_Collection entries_
<<<<
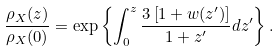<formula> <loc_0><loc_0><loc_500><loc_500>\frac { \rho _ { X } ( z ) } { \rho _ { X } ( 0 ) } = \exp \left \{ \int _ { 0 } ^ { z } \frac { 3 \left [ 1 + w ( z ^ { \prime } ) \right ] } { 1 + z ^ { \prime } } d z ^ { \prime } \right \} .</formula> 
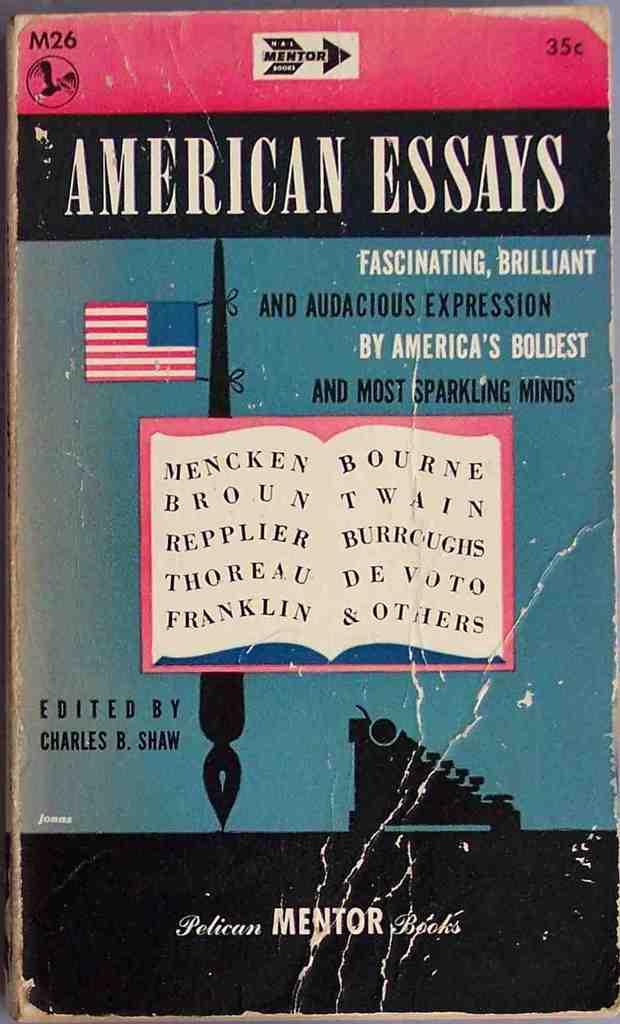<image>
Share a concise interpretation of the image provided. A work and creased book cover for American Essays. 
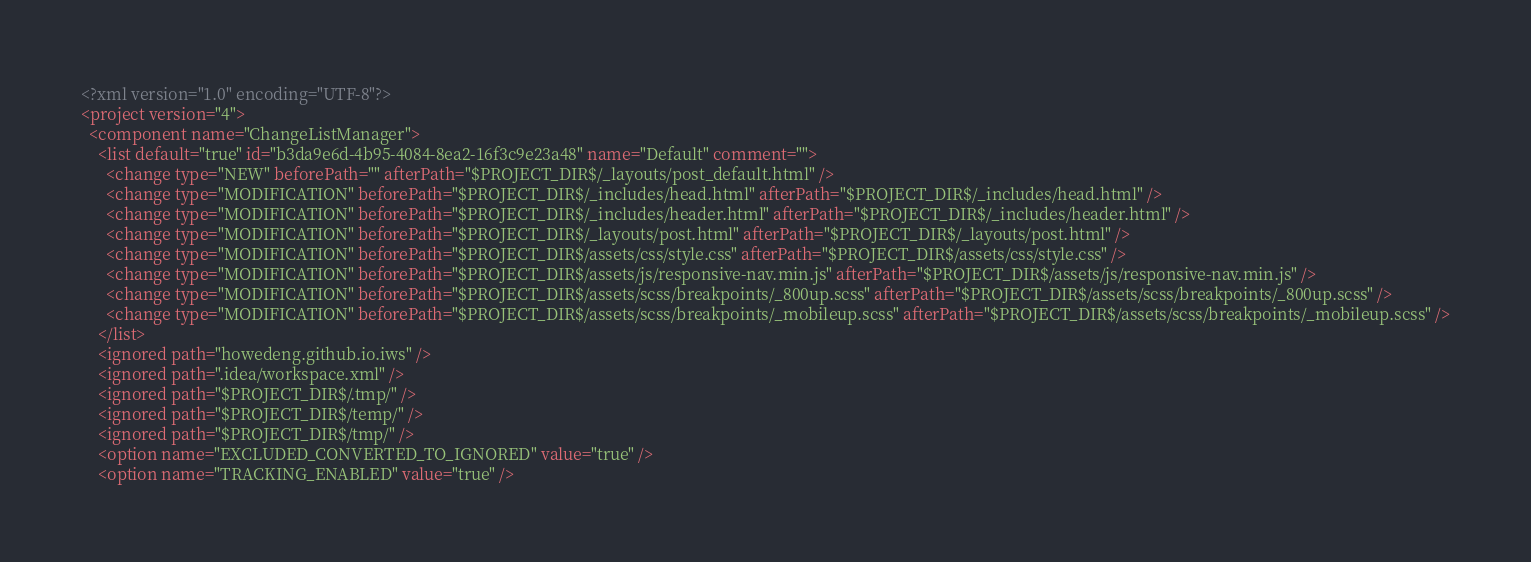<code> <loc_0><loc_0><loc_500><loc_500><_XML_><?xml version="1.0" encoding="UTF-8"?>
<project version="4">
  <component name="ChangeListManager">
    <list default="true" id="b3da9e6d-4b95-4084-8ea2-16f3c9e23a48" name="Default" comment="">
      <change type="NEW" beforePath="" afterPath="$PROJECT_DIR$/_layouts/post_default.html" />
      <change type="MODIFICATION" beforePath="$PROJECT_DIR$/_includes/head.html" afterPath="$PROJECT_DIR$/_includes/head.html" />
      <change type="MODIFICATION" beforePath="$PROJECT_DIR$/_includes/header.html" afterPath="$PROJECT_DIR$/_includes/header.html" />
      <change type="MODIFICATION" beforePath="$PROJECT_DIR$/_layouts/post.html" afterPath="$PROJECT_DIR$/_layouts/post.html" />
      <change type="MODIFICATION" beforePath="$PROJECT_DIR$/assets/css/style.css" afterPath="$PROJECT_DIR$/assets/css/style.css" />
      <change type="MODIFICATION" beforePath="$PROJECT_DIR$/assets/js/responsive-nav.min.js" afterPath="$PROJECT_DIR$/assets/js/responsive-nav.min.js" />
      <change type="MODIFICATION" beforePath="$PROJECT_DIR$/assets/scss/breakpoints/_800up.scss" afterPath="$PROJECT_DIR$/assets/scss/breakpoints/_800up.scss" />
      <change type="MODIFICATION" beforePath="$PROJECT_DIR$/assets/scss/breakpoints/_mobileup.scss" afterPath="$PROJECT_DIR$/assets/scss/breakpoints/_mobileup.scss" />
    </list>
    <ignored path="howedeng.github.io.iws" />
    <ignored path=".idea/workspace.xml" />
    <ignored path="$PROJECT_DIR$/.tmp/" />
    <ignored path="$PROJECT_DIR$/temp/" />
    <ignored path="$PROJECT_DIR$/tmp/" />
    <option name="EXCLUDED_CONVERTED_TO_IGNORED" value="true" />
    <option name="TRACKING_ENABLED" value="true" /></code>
>>>>
_WORK REQUIRED_
Go through the records and report each line that contains "option".

_ANSWER BELOW_
    <option name="EXCLUDED_CONVERTED_TO_IGNORED" value="true" />
    <option name="TRACKING_ENABLED" value="true" /></code>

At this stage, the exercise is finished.